The correct thought score is judged by the distilled LLMs, which may introduce bias.
Rather than saying as a weakness point, I am a little bit curious that if this kind of analyse toolkit could be easily adapt to coding and multi-modal reasoning problems?

问题

See the weakness part.

局限性

yes.

最终评判理由

I will maintain the original score, in my opinion this paper should be accepted.

格式问题

N/A

作者回复

2025-07-30

Thank you for your positive assessment (rating 5) and for highlighting the novelty of our systematic characterization of underthinking in LRMs, our proposed SUT score (which you called a "valid metric"), and how it expands understanding beyond simple accuracy metrics. We appreciate your curiosity about extensions and are glad our work resonated with you.

Q1: The correct thought score is judged by the distilled LLMs, which may introduce bias.

A1: We agree this is a critical aspect and have already quantified the classifier's reliability in the paper. As detailed in Lines 131-137, we validated our LLM-based classifier on a manually annotated set. It achieves 82.9% accuracy on correct thoughts and 81.8% on incorrect thoughts. While not perfect, this level of accuracy is sufficiently high to reliably identify the trends central to our paper's claims, such as the correlation between frequent thought-switching and incorrect final answers.

We believe this establishes a strong baseline for this novel analysis task. We fully agree that developing more robust, model-independent evaluation methods is a valuable direction for future work, and we will emphasize this in the limitations section of the revised paper.

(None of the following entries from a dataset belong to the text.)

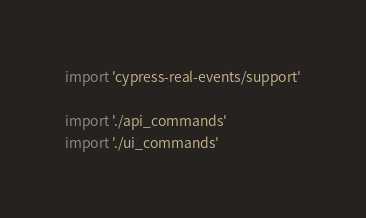Convert code to text. <code><loc_0><loc_0><loc_500><loc_500><_TypeScript_>import 'cypress-real-events/support'

import './api_commands'
import './ui_commands'
</code> 
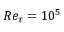Convert formula to latex. <formula><loc_0><loc_0><loc_500><loc_500>R e _ { \tau } = 1 0 ^ { 5 }</formula> 
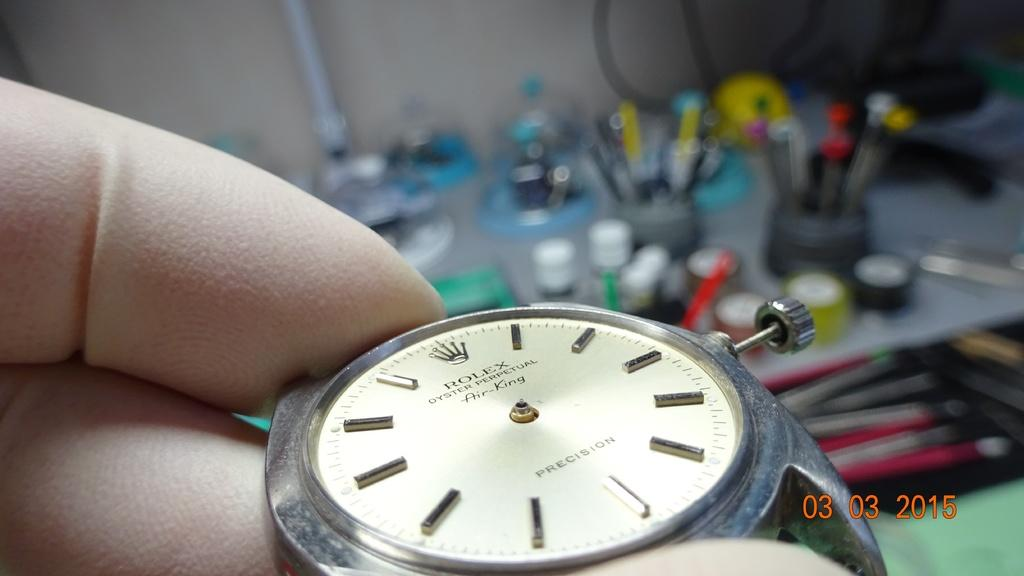<image>
Describe the image concisely. A person is repairing a Rolex watch in 2015.

Q2: Rather than saying as a weakness point, I am a little bit curious that if this kind of analyse toolkit could be easily adapt to coding and multi-modal reasoning problems?

A2: Thanks for suggesting we explore the applicability of our findings beyond math reasoning. Inspired by your feedback, we conducted new experiments on a multimodal benchmark.

Models	Accuracy (↑)	UT Score (↓)
QVQ-72B-Preview	46.0%	33.6
GLM-4.1V-Thinking	58.7%	17.1

评论- Response to the rebuttal

2025-08-05

Thanks for the response, I have no further concerns, I will not change the score and I think this paper should be accepted.

2025-08-07

Thank you again for your time and valuable feedback.

最终决定Accept (spotlight)

2025-09-17

This paper proposes a novel decoding strategy and provide experimental results to demonstrates that the proposed method can improve accuracy across challenging datasets without requiring model fine-tuning. The paper is well written and the proposed idea is innovative. However, the analyses done to evaluate the technique are questionable (scoring, further discussion of causes, model-size coverage, limitations). It is suggested that the authors further revise the paper and address the issues raised by the reviewers. We recommend accepting this paper.